Kipcam

As the new year stood before us, so did, although more literally, the untouched garden of our new house. It was 40 Square meters of 5 different types of stone tiles, randomly arranged to prevent the weeds from overtaking the backyard. To improve upon this dreadful sight, we spend the next two months digging, building and planting the garden so we could enjoy it in spring. The main feature was the chicken-run that would be the new home for two chickens.

Having saved two chickens from a premature end-of-life, we gave them names that would symbolically free them from their anonymous life: Kipchoge and Kipchumba.

Kipcam

Chickens are curious creatures. They like to digg, eat everything that looks edible and lay eggs like there is no tomorrow. All these eggs need to be collected, but from the outside you never know if there are any eggs in the nest. To save me from the occasional disappointment, I installed a camera in the henhouse: the kipcam!

I quickly moved past any privacy concerns regarding the chickens and started planning the setup. I choose for a Wanscam HW0021 with WiFi and a dual-axis rotating camera to adjust the view. It does not have power over ethernet, so the only cable to connect was a power cable.

Snapshot of the Kipcam

Egg detection

Great! We can make snapshots and and view the nest by logging in to the IP camera from my local network. But what if we could automatically detect how many eggs lay in the nest? Enter phase two.

With object detection it all comes down to what differentiates that object from its surroundings. Looking at an egg in a nest, there are many ways to go about detection: color, surface area, edges, eliptical shape and even size.

Before writing an algorithm myself, I looked for people who tried to solve the same problem and found the startup Eggs Iting. They have developed a clever way to detect eggs using Local Binary Patterns. It is a fairly complex approach, but results in a robust detection.
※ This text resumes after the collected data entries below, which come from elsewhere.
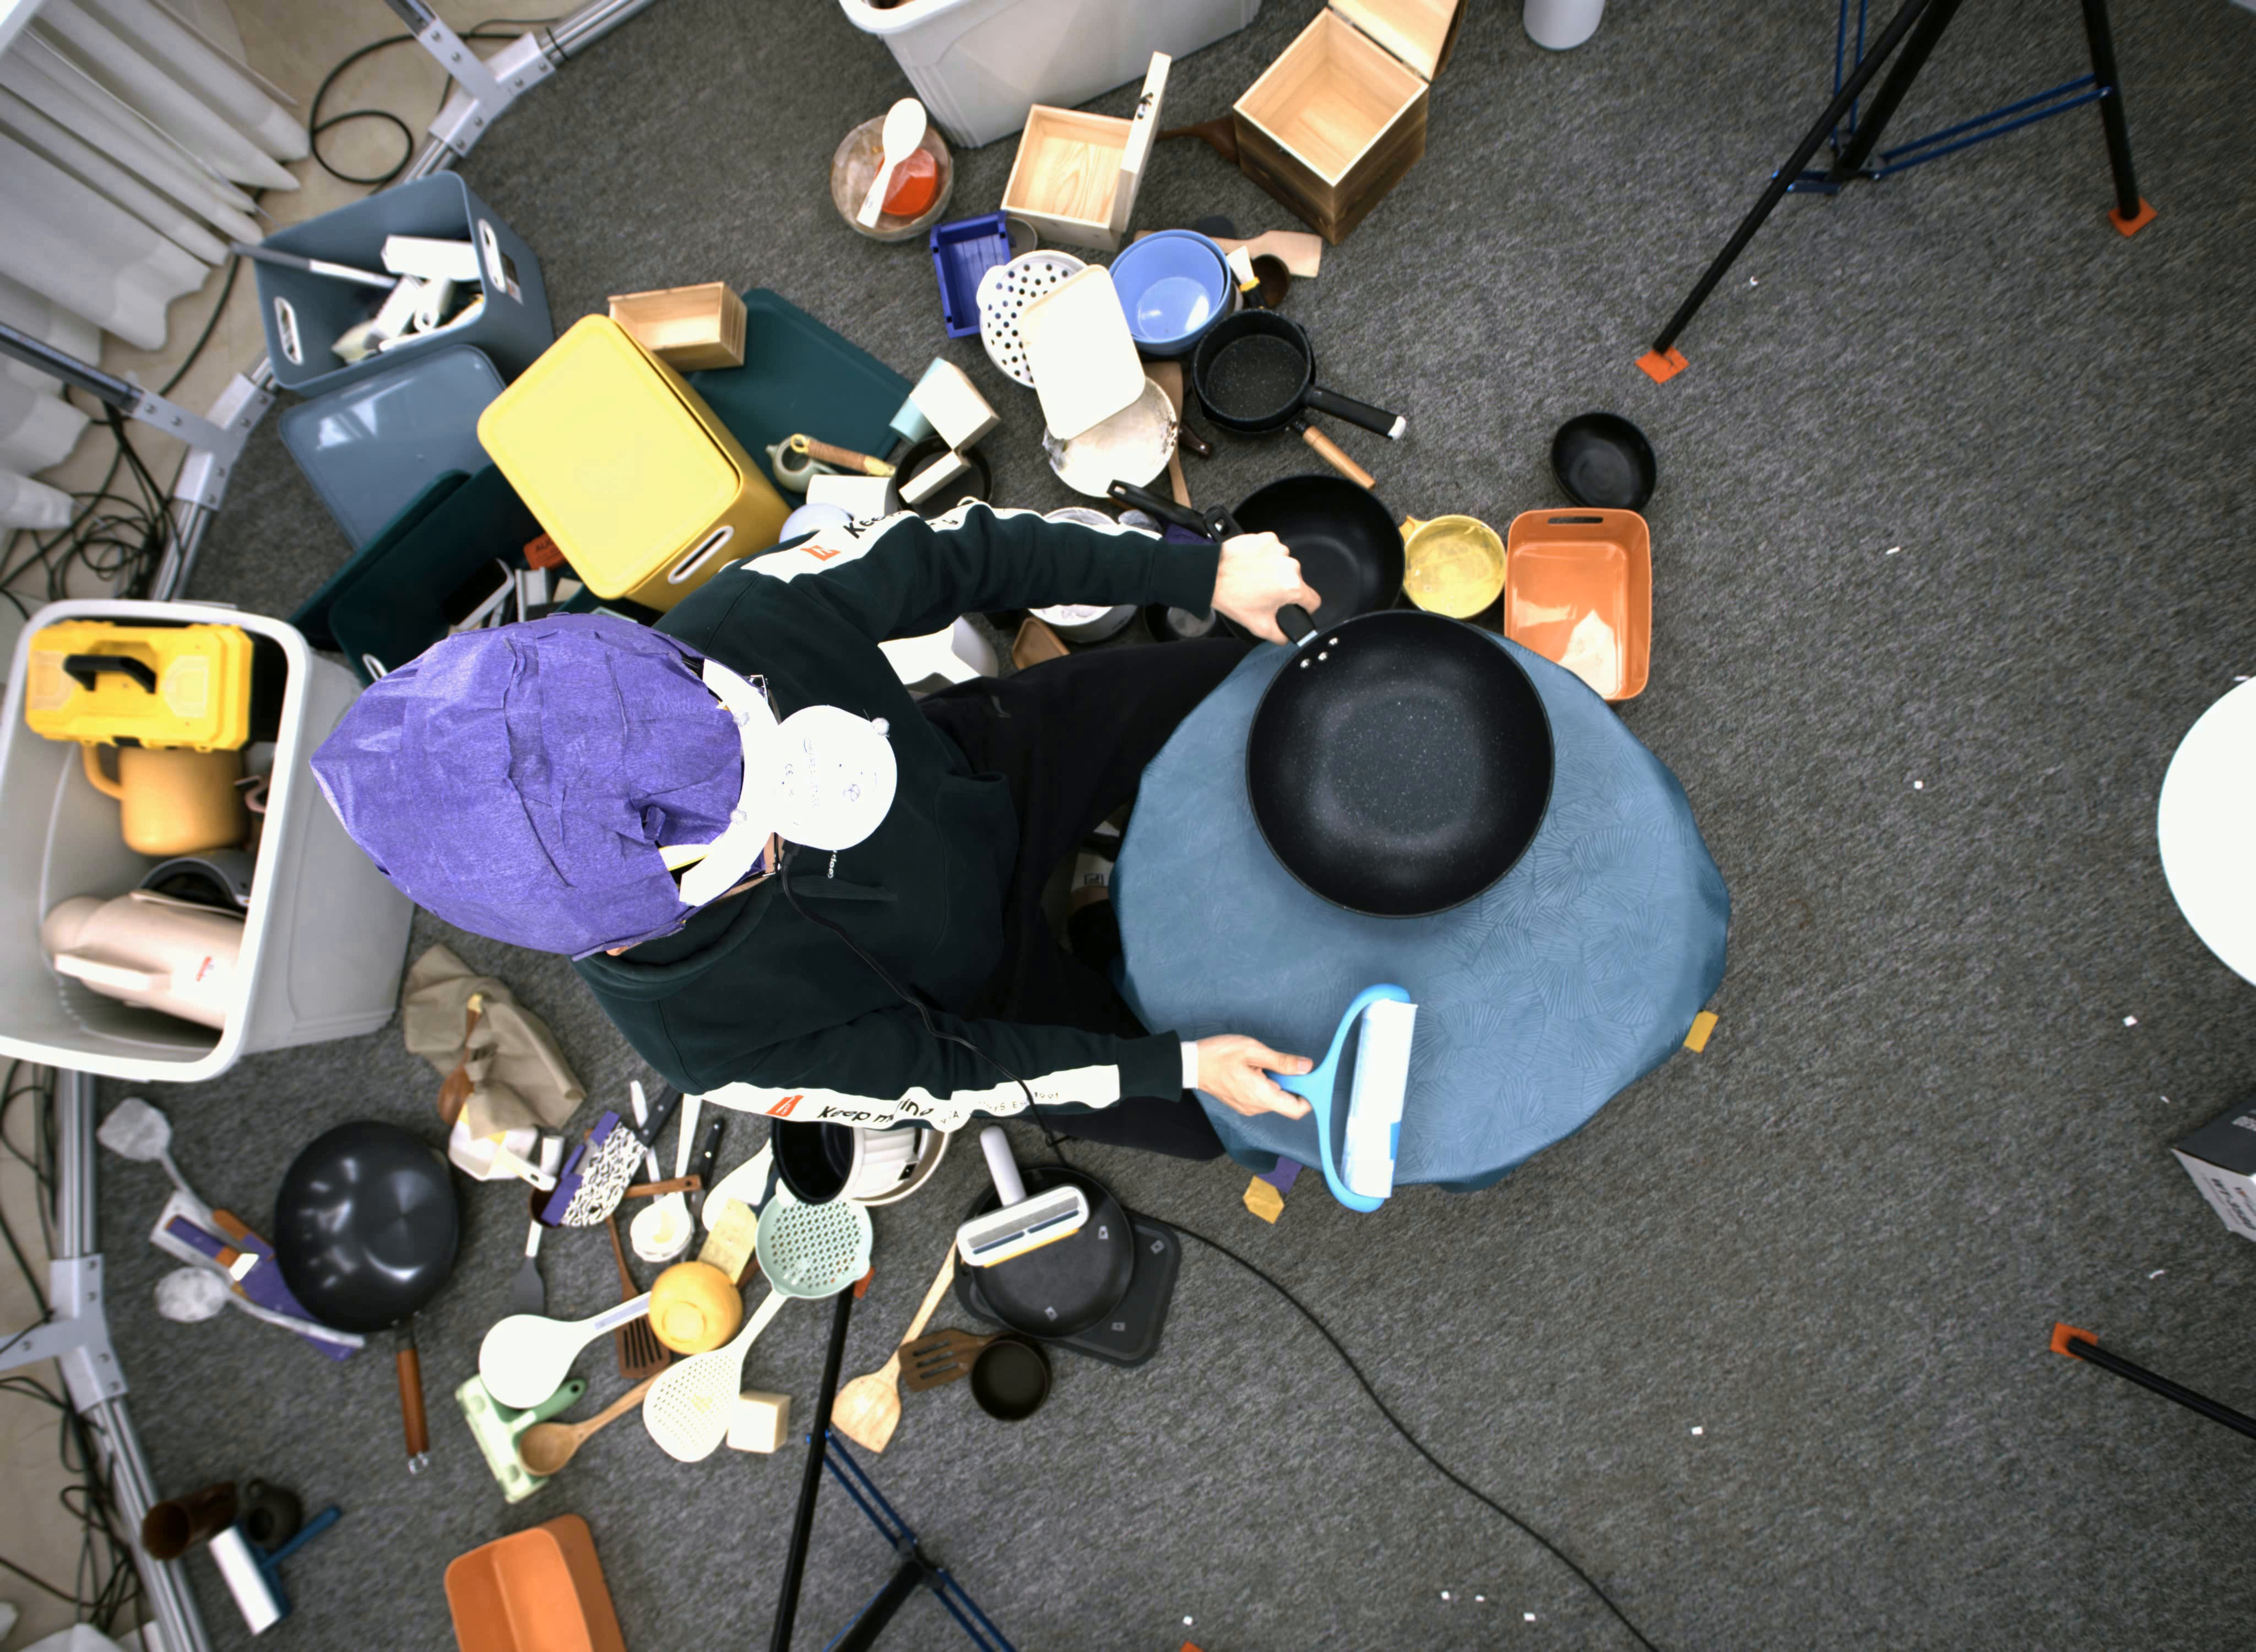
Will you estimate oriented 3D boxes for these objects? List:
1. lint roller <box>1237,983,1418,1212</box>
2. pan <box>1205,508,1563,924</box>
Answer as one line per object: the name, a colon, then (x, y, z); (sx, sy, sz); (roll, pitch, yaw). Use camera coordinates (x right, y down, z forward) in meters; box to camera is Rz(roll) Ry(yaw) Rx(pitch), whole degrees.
lint roller: (0.196, 0.267, 1.402); (0.181, 0.068, 0.228); (4, 86, 12)
pan: (0.233, -0.126, 1.398); (0.314, 0.111, 0.474); (-37, 79, 19)

First I wanted to try a simpler solution because of two reasons:

  • First of all, they use a flash when taking snapshots to have a consistent light intensity and distribution on the photos they do detection on. This is especially useful when using LBP, but not possible with my setup.
  • Second, to know whether there is an egg, you need to compare an LBP histogram with that of a reference and calculate the minimum acceptable difference. That means needing a lot of labeled egg images..

Therefore, I look at how well I could detect eggs without using reference images

Hough Transform

The first idea was to use the hard edge, eliptical shape and consistent size to detect the eggs with a circular hough transform. This requires input parameters on the expected radius of the circle and is executed on binary image from canny edge detection. After playing with the parameters, the accumulator of the hough transform was too messy to clearly identify the center of each egg, altough there are some weak bright spots at the center of each egg, it gets lost in the noise.  

Distance transform

Looking at the canny edge detection output, I thought well from here it is pretty clear where the eggs lie. Mainly because of the matte surface, there are no edges detected inside the eggs. So instead of trying to the rid of the background, I can use high frequency noise to detect the eggs.

A distance transform calculates the distance to the nearest white pixel (edge pixel). This simple calculation clearly shows three islands with the highest value in the center as this is farthest from the edge in a circle. Using some constraints on the size and shape of the islands, it was easy to label them and detect eggs fairly accurately.

Telegram bot

The beauty of looking through the camera and detecting eggs was still confined to my local network and a Python script I had to run manually. To make this more user-friendly and available outside the comfort of my home, I wrote a telegram bot.

Telegram offers a very accesible API to create bots and there was even a Python wrapper available to make common tasks easier. The bot runs on a Raspberry Pi Model 3B+ that is connected to my local network and IP camera, to prevent port forwarding of the camera directly. The bot has two commands that fire the corresponding python scripts:

  • /snap : take a snapshot with the camera
  • /detect : detect how many eggs lay in the nest

Conclusion

It was great fun to make the hardware and software work together and show friends the magic of realtime egg detection on my phone. The detection is not as robust as I would like, but I'm still very pleased with the performance for such a simple algorithm. I am happy, let's see if the chickens will also thrive in their new home.